Then it was the '90s ...
BL: As a follow up, have you read Dark Knight Returns or do you plan to? If you did, do you have any opinion on it?
GM: The whole thing felt slack and unconvincing in every area of its production. I assume Miller was talked into it by friends or paid a vast amount of money. Probably both. It's a shame he didn't give it his all but maybe I'm wrong and he's going through a deliberately primitive phase. I don't know. I loved his Daredevil: Born Again and Robocop 2, but his work is otherwise not to my taste generally. All that hardboiled- noir-crotch-sweat does nothing for me.
BL: When I read DK2, its attempts at "shock value" seemed heavy-handed and almost quaint, yet aspects of New X-Men truly do have the power to shock me.
What legitimate role does shock value have in comics?

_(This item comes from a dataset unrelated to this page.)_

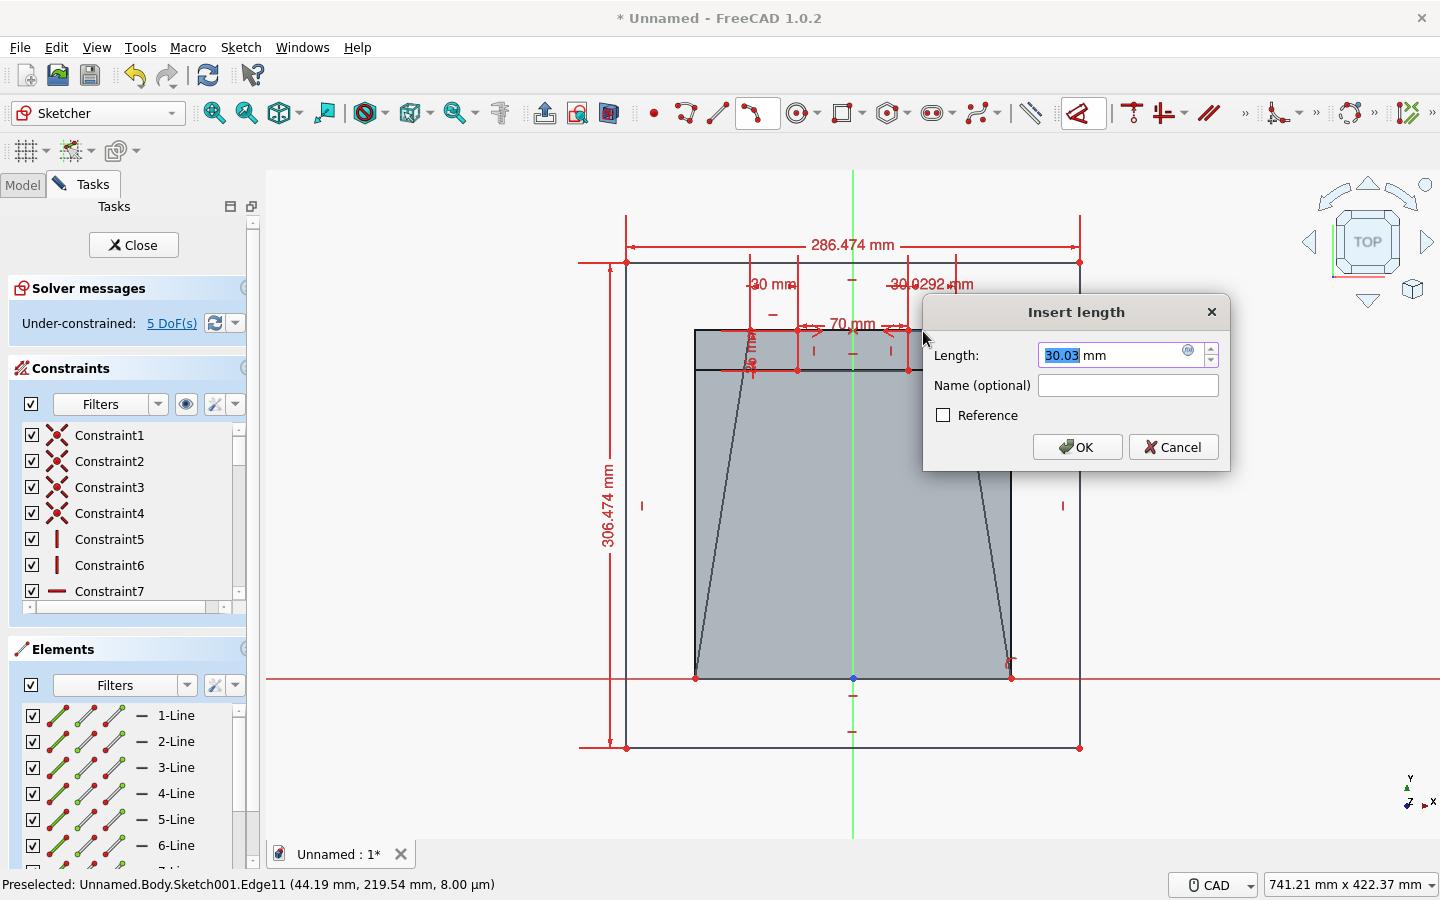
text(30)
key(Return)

GM: I love being shocked and challenged. I love walking away from a book, comic or movie with my expectations bent and my head expanded with new ways of seeing the world. The new is always shocking but I'd rather be shocked than mollycoddled and lied to. If people are so easily shocked by images of the fantastic, what the fuck are they doing reading comic books?
Who are these dull bastards who think that comic books — comic books!!! for Fucks sake!!!! — shouldn't be relentlessly shocking?
BL: How do you keep your shocks fresh and relevant, especially in a world that seems more and more shocking every day?
GM: I don't know. I never think about trying to shock people in the sense of 'We've reached page five without a shock — I'd better plug the finger into the socket. Hmm? What shocks people today?' etc.. Everyone has different limits so I simply tell the stories which seem to encapsulate my feelings about events around me. I grew up in a hard, angry, witty city and I still choose to live here. All my work is just coded symbolic responses to things I'm experiencing or watching or people I'm meeting. When these thoughts emerge as characters warring on paper they may seem shocking ... I don't know. The more I think about this the more ridiculous it seems.
BL: You said to me at San Diego Con that you outgrew your influences (possibly after your bout with serious illness) and were now ready to be an influence. That fascinated me. Could you talk more about that process of putting the past in the past?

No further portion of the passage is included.